**What is required**
The result should hold only the lines from the one with "--------------- while/loop/for +" through the final line of the data below, transcribed exactly, pictures left out.

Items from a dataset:
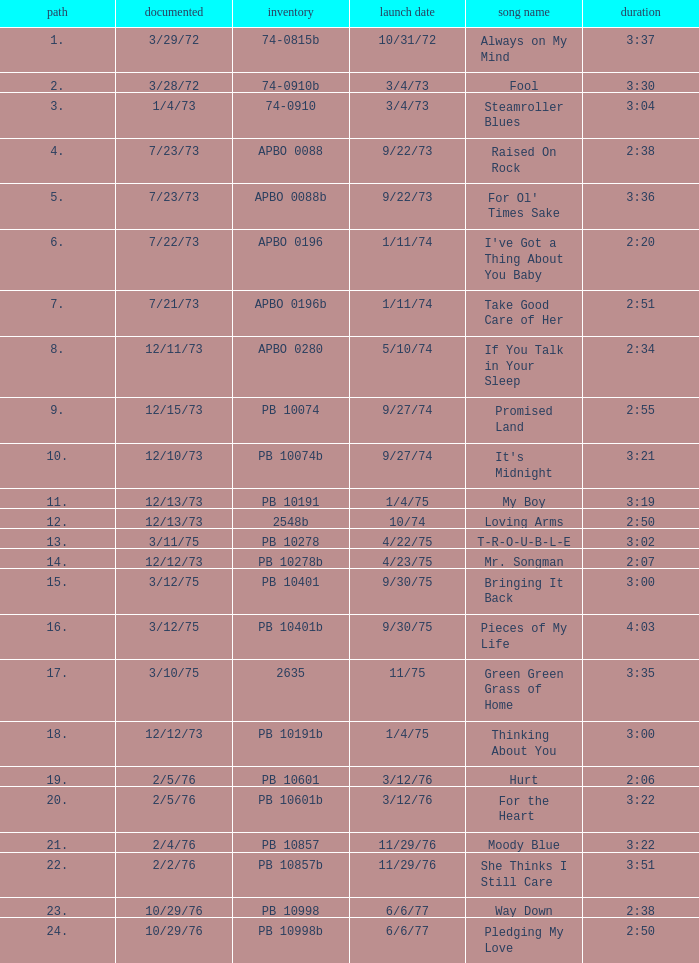Tell me the time for 6/6/77 release date and song title of way down 2:38. I'm looking to parse the entire table for insights. Could you assist me with that? {'header': ['path', 'documented', 'inventory', 'launch date', 'song name', 'duration'], 'rows': [['1.', '3/29/72', '74-0815b', '10/31/72', 'Always on My Mind', '3:37'], ['2.', '3/28/72', '74-0910b', '3/4/73', 'Fool', '3:30'], ['3.', '1/4/73', '74-0910', '3/4/73', 'Steamroller Blues', '3:04'], ['4.', '7/23/73', 'APBO 0088', '9/22/73', 'Raised On Rock', '2:38'], ['5.', '7/23/73', 'APBO 0088b', '9/22/73', "For Ol' Times Sake", '3:36'], ['6.', '7/22/73', 'APBO 0196', '1/11/74', "I've Got a Thing About You Baby", '2:20'], ['7.', '7/21/73', 'APBO 0196b', '1/11/74', 'Take Good Care of Her', '2:51'], ['8.', '12/11/73', 'APBO 0280', '5/10/74', 'If You Talk in Your Sleep', '2:34'], ['9.', '12/15/73', 'PB 10074', '9/27/74', 'Promised Land', '2:55'], ['10.', '12/10/73', 'PB 10074b', '9/27/74', "It's Midnight", '3:21'], ['11.', '12/13/73', 'PB 10191', '1/4/75', 'My Boy', '3:19'], ['12.', '12/13/73', '2548b', '10/74', 'Loving Arms', '2:50'], ['13.', '3/11/75', 'PB 10278', '4/22/75', 'T-R-O-U-B-L-E', '3:02'], ['14.', '12/12/73', 'PB 10278b', '4/23/75', 'Mr. Songman', '2:07'], ['15.', '3/12/75', 'PB 10401', '9/30/75', 'Bringing It Back', '3:00'], ['16.', '3/12/75', 'PB 10401b', '9/30/75', 'Pieces of My Life', '4:03'], ['17.', '3/10/75', '2635', '11/75', 'Green Green Grass of Home', '3:35'], ['18.', '12/12/73', 'PB 10191b', '1/4/75', 'Thinking About You', '3:00'], ['19.', '2/5/76', 'PB 10601', '3/12/76', 'Hurt', '2:06'], ['20.', '2/5/76', 'PB 10601b', '3/12/76', 'For the Heart', '3:22'], ['21.', '2/4/76', 'PB 10857', '11/29/76', 'Moody Blue', '3:22'], ['22.', '2/2/76', 'PB 10857b', '11/29/76', 'She Thinks I Still Care', '3:51'], ['23.', '10/29/76', 'PB 10998', '6/6/77', 'Way Down', '2:38'], ['24.', '10/29/76', 'PB 10998b', '6/6/77', 'Pledging My Love', '2:50']]} 
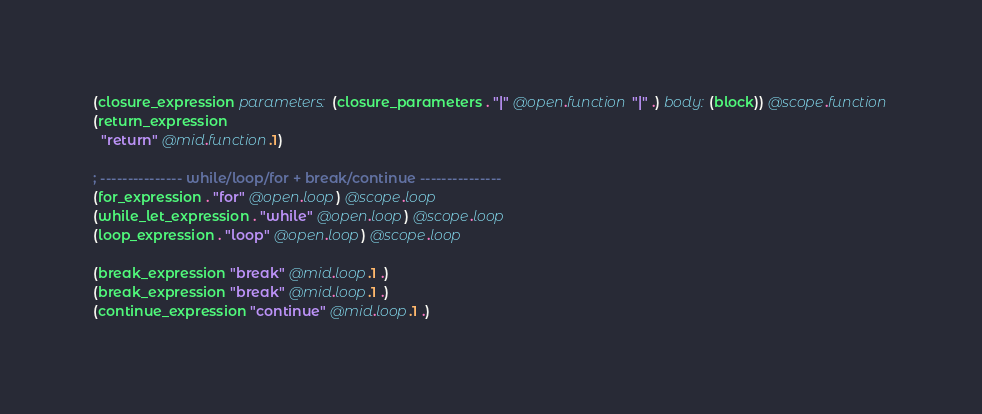<code> <loc_0><loc_0><loc_500><loc_500><_Scheme_>(closure_expression parameters: (closure_parameters . "|" @open.function "|" .) body: (block)) @scope.function
(return_expression
  "return" @mid.function.1)

; --------------- while/loop/for + break/continue ---------------
(for_expression . "for" @open.loop) @scope.loop
(while_let_expression . "while" @open.loop) @scope.loop
(loop_expression . "loop" @open.loop) @scope.loop

(break_expression "break" @mid.loop.1 .)
(break_expression "break" @mid.loop.1 .)
(continue_expression "continue" @mid.loop.1 .)
</code> 
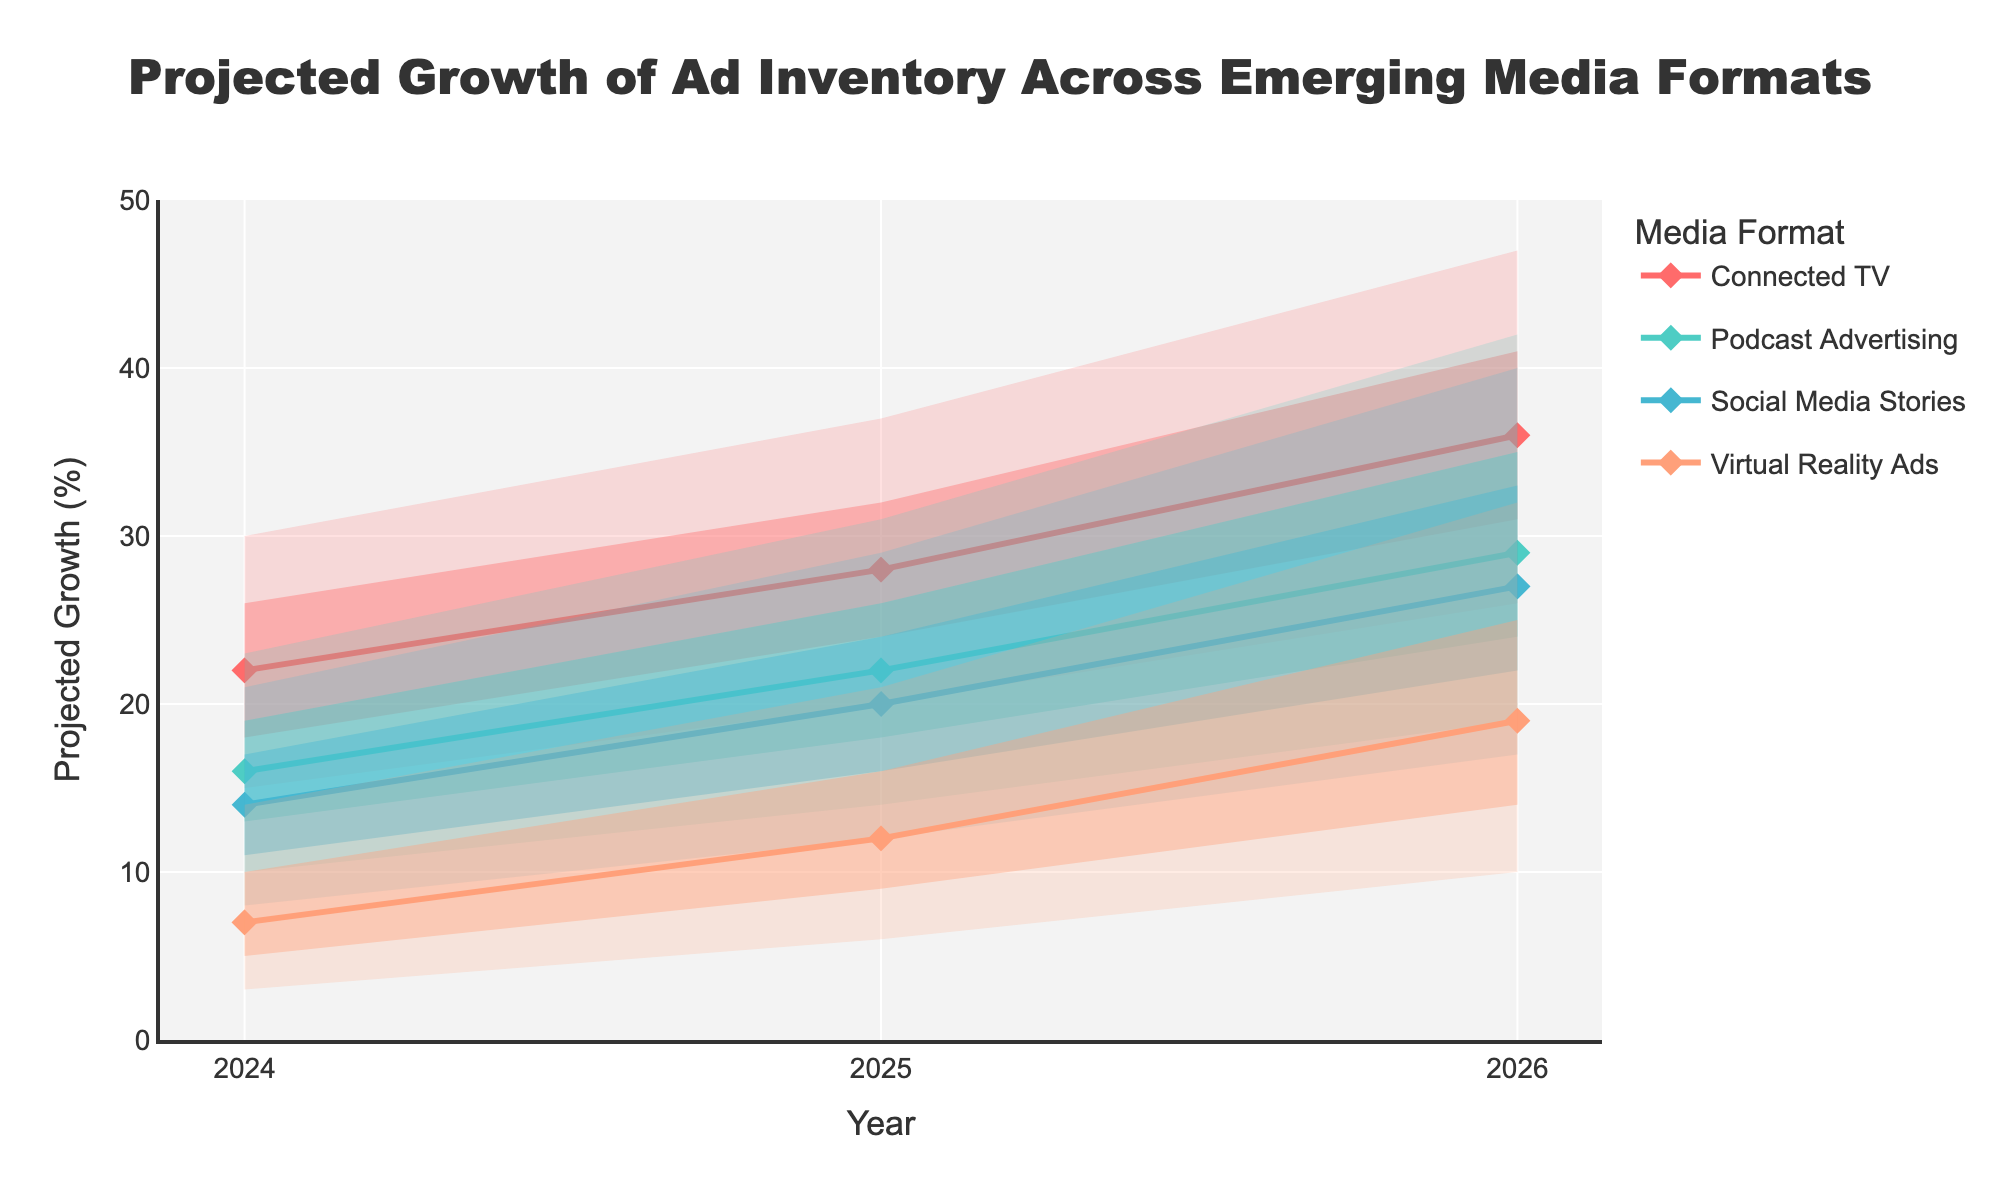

**Task solution**
; --------------- while/loop/for + break/continue ---------------
(for_expression . "for" @open.loop) @scope.loop
(while_let_expression . "while" @open.loop) @scope.loop
(loop_expression . "loop" @open.loop) @scope.loop

(break_expression "break" @mid.loop.1 .)
(break_expression "break" @mid.loop.1 .)
(continue_expression "continue" @mid.loop.1 .)
</code> 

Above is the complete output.